Laxton serves as one of two county co-champions for the five-day initiative that included nearly 30 community service projects across the county in conjunction with the Boy Scouts’ first 10-day national Jamboree at the Summit, in Fayette County.
“Overall, it has gone extremely well in Wyoming County,” Laxton noted. “Our project managers have been ready for the Scouts. Our materials have been there.
“The Scouts have done a fabulous job.
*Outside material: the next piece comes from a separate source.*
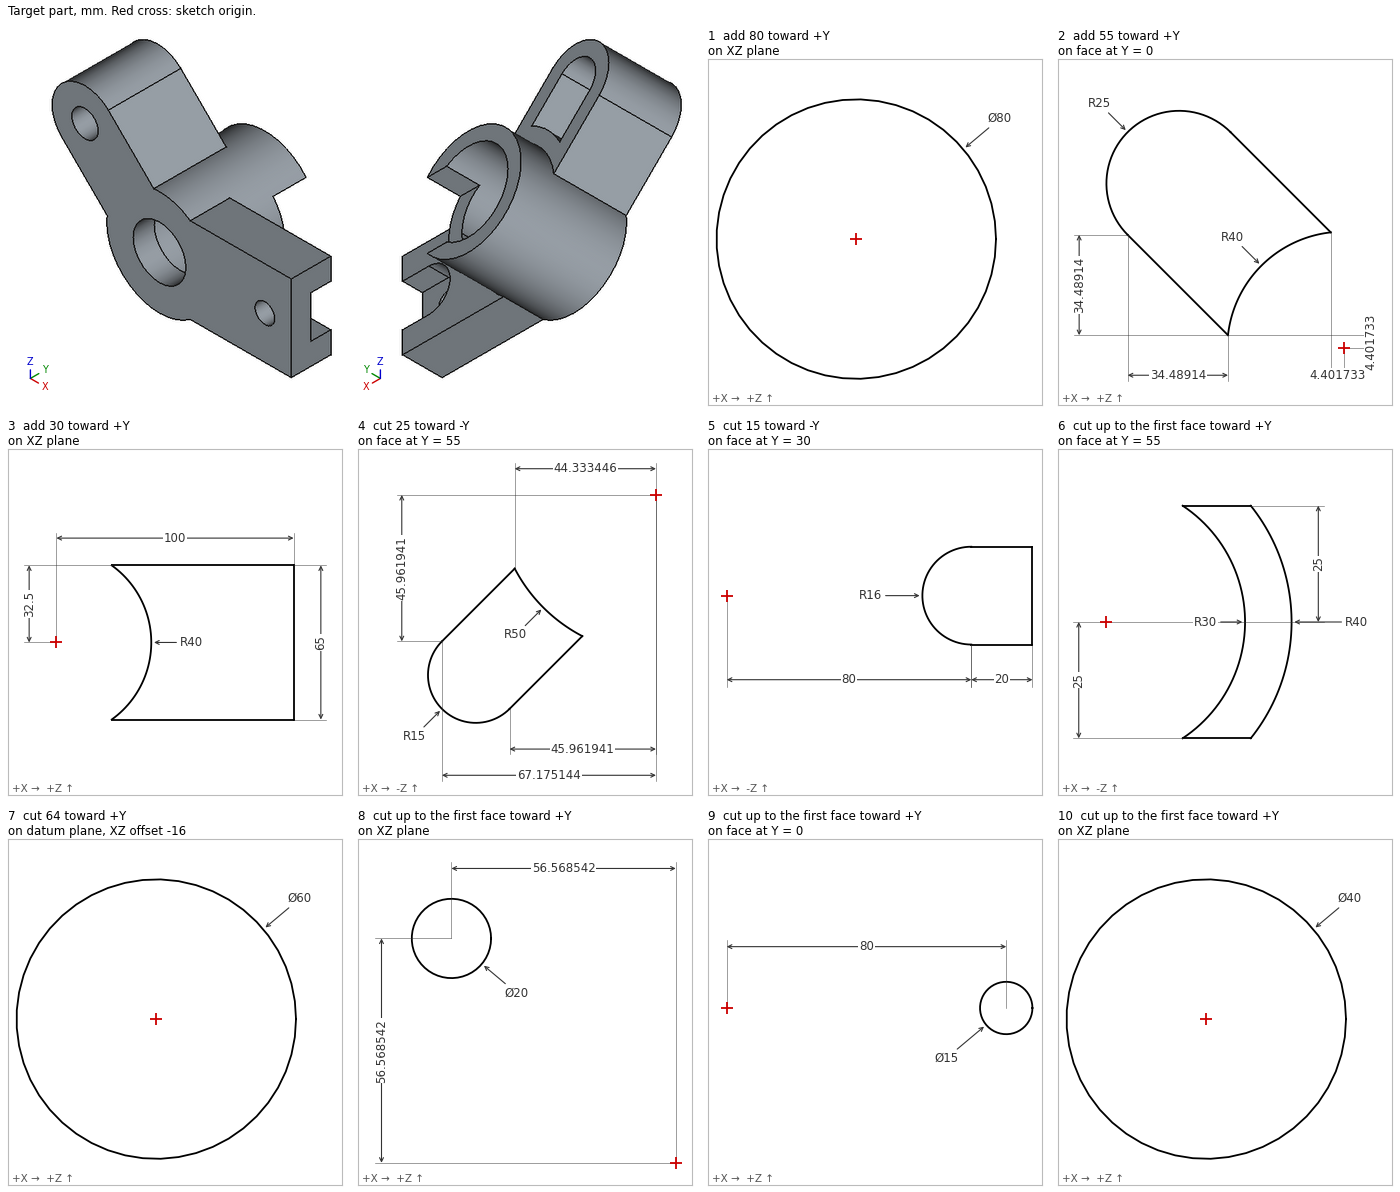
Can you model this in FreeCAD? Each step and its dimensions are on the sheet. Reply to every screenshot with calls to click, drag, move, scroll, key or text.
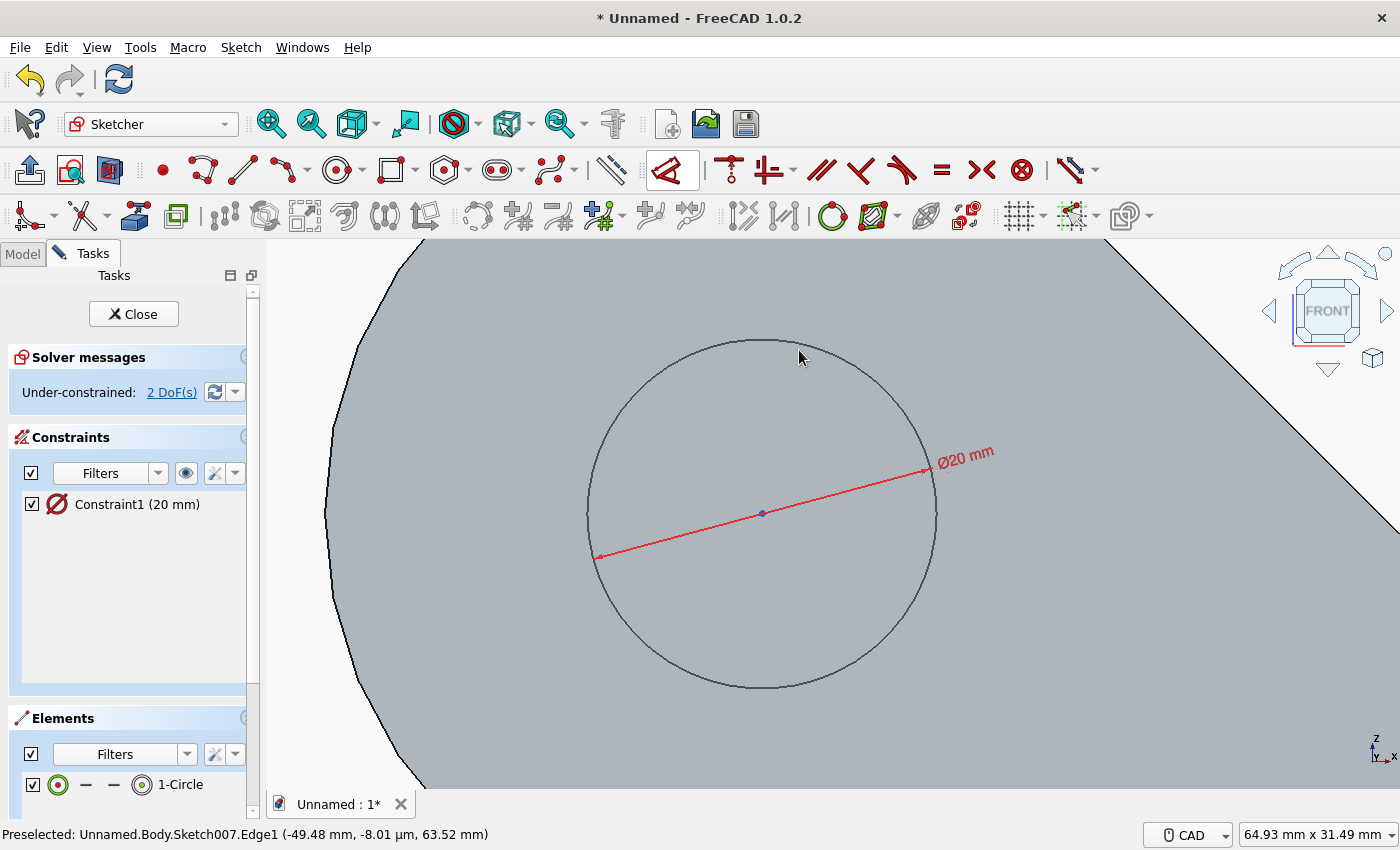
click(762, 514)

We’ve heard nothing but good things about the Scouts.
Between 8 and 10:30 a.m. each of the five days, it was hectic, Laxton explained.
“Getting the buses here, then getting them where they were supposed to be ... But, after that, everything went smooth,” she said.
“We had only minor things,” she said, “and no serious injuries.”
Over the five days, Wyoming County has had about 3,040 Scouts and their leaders along with at least one AmeriCorps NCCC team in the county working alongside the Scouts.
“We’ve had tremendous support from the community,” Laxton said.
Several businesses and several area churches have provided lunches or other treats for the Scouts.
“The Scouts that are working near the road have had people blow their horns and say out the window, ‘Thank you for what you’re doing.’
“They’ve been amazed by our coal tipples and our history,” Laxton said.
Two of the troops have gone home with coal samples provided by one of the companies.
“All the work and all the frustration of the last year-and-a-half have been well worth it,” Laxton emphasized.
“We’ve been told that if this is to happen again, Wyoming County will be the model.”